Yes. We’re still in the Preface to the first edition. How irritating, I know it. It gets worse. To be honest, I am dreading this post because it centers upon a passage that can lend itself to a number of arguments, but it especially seems to play into the hands of those who criticize Marx for ‘economic determinism.
Capital was based, in part, upon a thorough study of capitalism and its development in England. At the time it was the most developed capitalist environment, and therefore, as far as Marx was concerned, the closest thing to a ‘pure model’ available. Of course, Capital was not intended to apply merely to conditions in England, but to capitalism et al - even countries where capitalism was both emerging and underdeveloped (like the Germany of 1867). To his German readers Marx says, ‘the tale is told of you’.
“Intrinsically, it is not a question of the higher or lower degree of development of the social antagonisms that spring from the natural laws of capitalist production. It is a question of these laws themselves, of these tendencies winning their way through and working themselves out with iron necessity. The country that is more developed industrially only shows, to the less developed, the image of its own future” (90-91).
Woah Nellie! Sounds mighty determinist to me. ’Natural laws’, ‘iron necessity’, ‘image of its own future’. Of the thousands of pages of Capital I have read, this passage tends to remain most present in my mind. It troubles me, precisely because elements of it seem to contradict the emmancipatory core in Marx’s work.
Let’s be honest with ourselves, and with Marx:
Q. If we accept that capitalism is a social construction, how does that jive with ‘laws of iron necessity’? Isn’t that precisely economic determinism?
A. Capitalism is a social construction. However from Marx’s viewpoint it is a necessary and inevitable step on the road to a higher stage of development. It is inevitable and necessary because, even though all of us would like to believe we can create something through the power of raw imagination, the fact is a society is limited by the historical and material conditions it finds at its disposal.
For example, even though the USSR or Communist China had a vision of scoialism, neither were/have been able to realize that vision by virture of the fact both still had to venture through a phase of industrialization which, at the time, required (state) capitalistic means.

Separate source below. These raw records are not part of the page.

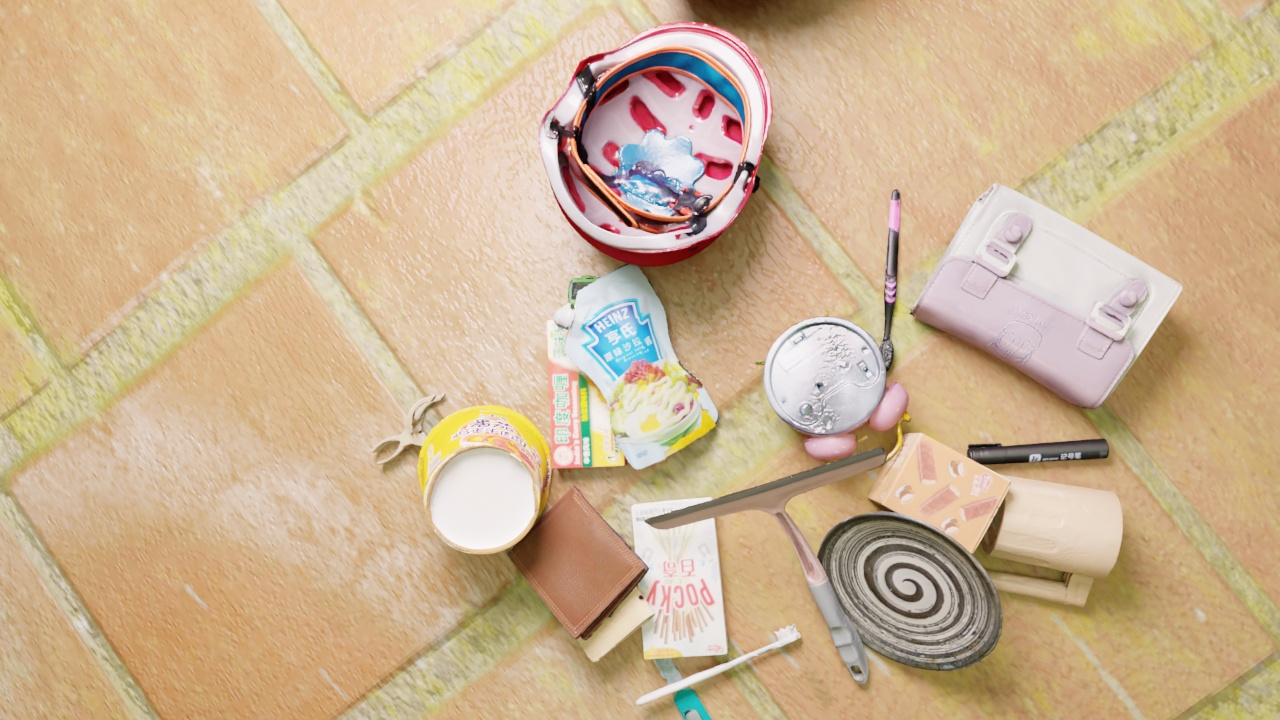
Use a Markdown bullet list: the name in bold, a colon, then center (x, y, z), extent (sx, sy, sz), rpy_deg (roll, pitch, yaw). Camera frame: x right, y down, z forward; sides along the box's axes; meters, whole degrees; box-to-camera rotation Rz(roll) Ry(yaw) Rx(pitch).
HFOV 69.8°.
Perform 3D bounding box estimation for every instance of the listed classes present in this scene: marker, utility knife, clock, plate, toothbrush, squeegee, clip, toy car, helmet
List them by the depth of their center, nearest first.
- **plate**: center (0.254, 0.217, 0.873), extent (0.180, 0.024, 0.180), rpy_deg (19, 124, 30)
- **squeegee**: center (0.168, 0.212, 0.894), extent (0.248, 0.040, 0.249), rpy_deg (-21, 107, 26)
- **clock**: center (0.193, 0.035, 0.901), extent (0.117, 0.060, 0.158), rpy_deg (-35, 70, 6)
- **marker**: center (0.393, 0.090, 0.909), extent (0.132, 0.020, 0.022), rpy_deg (-4, 57, 7)
- **helmet**: center (0.017, -0.200, 0.909), extent (0.207, 0.144, 0.239), rpy_deg (35, 77, 7)
- **toothbrush**: center (0.077, 0.308, 0.927), extent (0.180, 0.016, 0.016), rpy_deg (-24, 75, 0)
- **utility knife**: center (0.061, 0.373, 0.931), extent (0.029, 0.013, 0.216), rpy_deg (-32, 80, 0)
- **toothbrush**: center (0.256, -0.083, 0.935), extent (0.014, 0.018, 0.189), rpy_deg (4, 86, 8)
- **toy car**: center (-0.032, -0.069, 0.958), extent (0.091, 0.036, 0.043), rpy_deg (0, 85, 3)
- **clip**: center (-0.229, 0.085, 0.971), extent (0.092, 0.035, 0.103), rpy_deg (37, 96, 8)

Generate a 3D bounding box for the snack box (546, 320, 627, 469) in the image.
- **snack box**: center (-0.056, 0.034, 0.958), extent (0.077, 0.027, 0.155), rpy_deg (-3, 86, 6)

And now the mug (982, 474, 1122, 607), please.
- **mug**: center (0.387, 0.175, 0.882), extent (0.103, 0.084, 0.125), rpy_deg (10, 114, 8)

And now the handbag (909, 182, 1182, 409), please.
- **handbag**: center (0.384, -0.060, 0.884), extent (0.197, 0.098, 0.145), rpy_deg (31, 96, 8)

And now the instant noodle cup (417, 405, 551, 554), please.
- **instant noodle cup**: center (-0.154, 0.121, 0.904), extent (0.138, 0.110, 0.138), rpy_deg (-1, 99, -8)

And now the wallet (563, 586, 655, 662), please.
- **wallet**: center (-0.049, 0.238, 0.935), extent (0.087, 0.024, 0.115), rpy_deg (-40, 66, 5)

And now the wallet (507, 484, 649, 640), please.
- **wallet**: center (-0.063, 0.201, 0.922), extent (0.101, 0.032, 0.124), rpy_deg (-47, 64, 2)

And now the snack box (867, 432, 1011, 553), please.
- **snack box**: center (0.283, 0.125, 0.881), extent (0.094, 0.093, 0.077), rpy_deg (28, 89, 7)

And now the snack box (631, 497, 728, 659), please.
- **snack box**: center (0.040, 0.221, 0.935), extent (0.085, 0.027, 0.156), rpy_deg (-6, 84, 6)

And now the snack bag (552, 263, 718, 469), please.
- **snack bag**: center (-0.005, 0.005, 0.928), extent (0.110, 0.039, 0.191), rpy_deg (-29, 95, -5)

“Even when a society has begun to track down the natural laws of its movement -and it is the ultimate aim of this work to reveal the economic law of motion of modern society- it can neiter leap over the natural phases of its development nor remove them by decree. But it can shorten and lessent the birth-pangs” (92).

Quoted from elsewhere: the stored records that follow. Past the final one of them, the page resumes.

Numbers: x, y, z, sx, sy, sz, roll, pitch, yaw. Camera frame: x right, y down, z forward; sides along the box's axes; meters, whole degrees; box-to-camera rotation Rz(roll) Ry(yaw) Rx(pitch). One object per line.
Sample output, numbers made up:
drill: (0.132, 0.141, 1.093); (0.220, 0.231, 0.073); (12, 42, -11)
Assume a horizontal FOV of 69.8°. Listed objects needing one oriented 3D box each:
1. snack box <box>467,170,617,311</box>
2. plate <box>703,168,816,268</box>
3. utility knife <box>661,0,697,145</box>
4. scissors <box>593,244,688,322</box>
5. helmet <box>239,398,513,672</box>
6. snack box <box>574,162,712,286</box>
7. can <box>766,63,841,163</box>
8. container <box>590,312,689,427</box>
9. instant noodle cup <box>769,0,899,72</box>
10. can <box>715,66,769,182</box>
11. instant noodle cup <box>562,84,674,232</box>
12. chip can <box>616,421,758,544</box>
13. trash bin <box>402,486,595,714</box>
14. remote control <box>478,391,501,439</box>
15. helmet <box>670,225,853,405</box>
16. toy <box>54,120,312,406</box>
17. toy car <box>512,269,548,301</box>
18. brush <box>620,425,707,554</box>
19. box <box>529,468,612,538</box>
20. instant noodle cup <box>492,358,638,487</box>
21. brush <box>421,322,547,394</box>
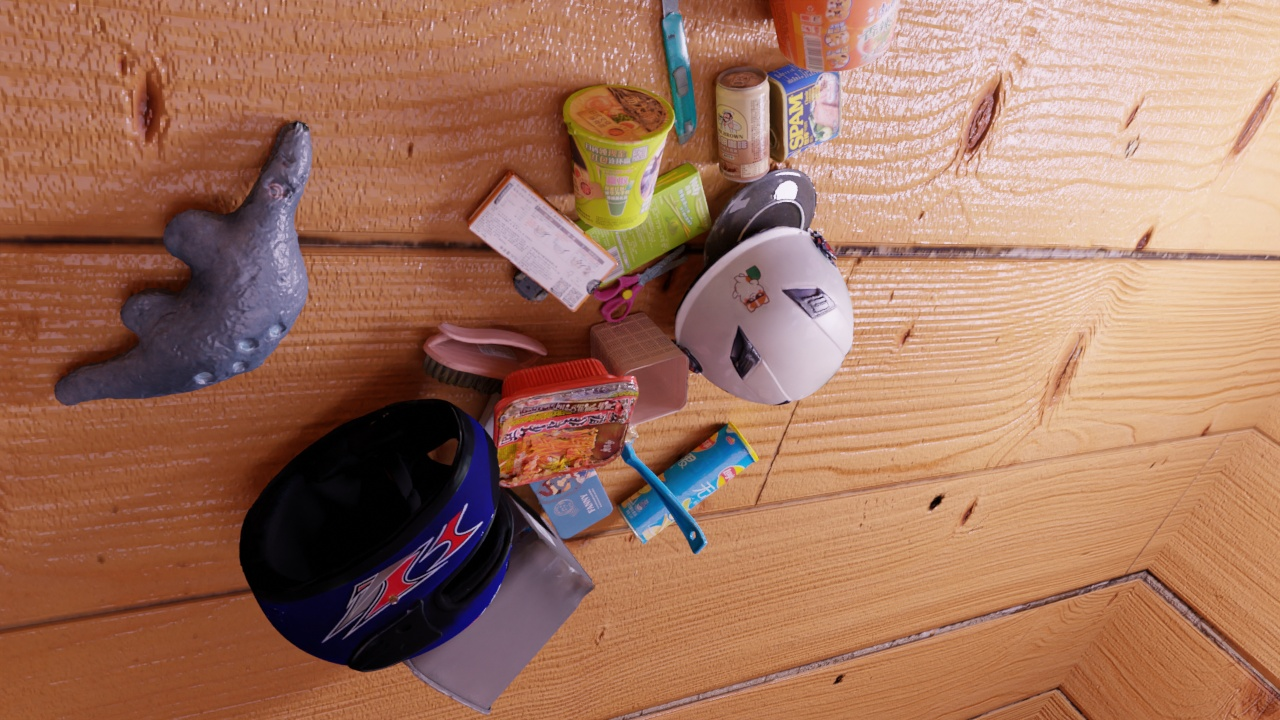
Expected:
snack box: (-0.104, -0.126, 0.987); (0.153, 0.026, 0.075); (39, 101, -24)
plate: (0.155, -0.155, 1.142); (0.179, 0.024, 0.180); (-24, 140, -22)
utility knife: (0.040, -0.310, 0.971); (0.029, 0.013, 0.182); (-26, 135, -13)
scissors: (0.000, -0.106, 1.114); (0.137, 0.017, 0.073); (-39, 127, -5)
helmet: (-0.260, 0.200, 1.018); (0.316, 0.247, 0.240); (-29, 137, 9)
snack box: (0.005, -0.157, 1.064); (0.156, 0.026, 0.086); (-30, 136, -8)
can: (0.181, -0.289, 1.046); (0.083, 0.057, 0.102); (-26, 135, -15)
container: (-0.007, 0.007, 1.129); (0.089, 0.111, 0.090); (-17, 132, -20)
instant noodle cup: (0.197, -0.374, 0.931); (0.151, 0.151, 0.111); (-29, 143, -9)
can: (0.115, -0.262, 1.025); (0.058, 0.058, 0.116); (-22, 133, -16)
instant noodle cup: (-0.026, -0.205, 0.957); (0.111, 0.111, 0.124); (-16, 139, -21)
chip can: (0.069, 0.179, 1.345); (0.210, 0.071, 0.071); (-36, 136, -1)
trash bin: (-0.202, 0.300, 1.200); (0.219, 0.199, 0.198); (-43, 136, -4)
remote control: (-0.185, 0.099, 1.157); (0.058, 0.021, 0.150); (12, 118, -38)
helmet: (0.170, -0.033, 1.130); (0.230, 0.157, 0.274); (-39, 159, 4)
toy: (-0.394, -0.061, 0.860); (0.138, 0.091, 0.357); (39, 99, -17)
toy car: (-0.104, -0.106, 1.029); (0.090, 0.034, 0.043); (-42, 119, 6)
brush: (0.005, 0.134, 1.153); (0.045, 0.254, 0.083); (-6, 141, -50)
box: (-0.103, 0.163, 1.234); (0.089, 0.061, 0.184); (-30, 134, -7)
instant noodle cup: (-0.095, 0.067, 1.057); (0.164, 0.079, 0.189); (-9, 145, -18)
brush: (-0.179, -0.004, 1.049); (0.145, 0.063, 0.073); (15, 120, -37)

This brings us to a far more interesting critique of Marx’s economics. Marx’s model of economic development is essentially ‘Rostowian’ (though this is a little anachronistic on that Rostow came later). Stagist is a better, more generic term. Marx conceived of the development of a society’s productive powers and evolved from one stage to the next, from primitive hunter/gatherer, to primitive agricultrual, to ancient plantations, to feudal forms, and from feudal forms to agricultrual capitalism and then, finally, to industrial capitalism. It is industrial capitalism which, according to Marx, has the distinctive capacity of laying the material framework for the transition to socialism.
One can, of course, argue that such models of development are essentially Euro-centric and assume a particular path or type of development as both desirable, and to a certain extent, inevitable.
“…we [Germany] suffer not only from the development of capitalist production, but also from the incompleteness of that development. Alongside modern evils, we are oppressed by a whole series of inherited evils, arising from the passive survival of archaic and outmoded modes of production, with their accompanying train of anachronistic social and political relations” (91).
Marx and Engels, unlike the Communists of the Second International (Lenin, Trotsky, Luxembourg, Kautsky [before WW1]) and rather unlike most communists of today, very much supported the globalizing tendency of capitalism. There is a very famous quote of Marx, which laziness prevents me from grabbing just this moment, which essentially states the British presence in India was serving to sweep away old ‘Asiatic’ economic forms, and replacing them with a more productive capitalist model.
In other words, the faster and further capitalism develops, spreads, develops, the sooner socialism can be made.
Of course, and as was stated in an earlier post, international trade and imperialism (economic and militaristic) are not really analyzed in Marx. Consequently, the role advanced capitalistc countries can play in keeping other less developed countries in an underdeveloped state is not addressed. For a discussion of this the work of the ‘neo-marxists’ Immanuel Wallerstein (The Modern World System), Paul Baran (The Political Economy of Growth), or A.G. Frank (Capitalsim and Underdevlopment in Latin America: historical studies of chile and brazil) is good reference. Lenin (Imperialism: the highest stage of capitalism) and Rosa Luxembourg also have some interesting points. For a compelling defense of ‘orthodox’ Marxism re development and imperialism see Bill Warren’s Imperialism: the pioneer of capitalism. The work of economic historian, Karl Polyani is also worthwhile, as it (to an extent) addressed the aspect of cultural hubris in notions of ‘development.
All right. That’s quite a load for one day. Oh. And tomorrow I will post an essay I wrote for my social theory class addressing, specifically, Weber’s criticism of Marx’s economic determinism.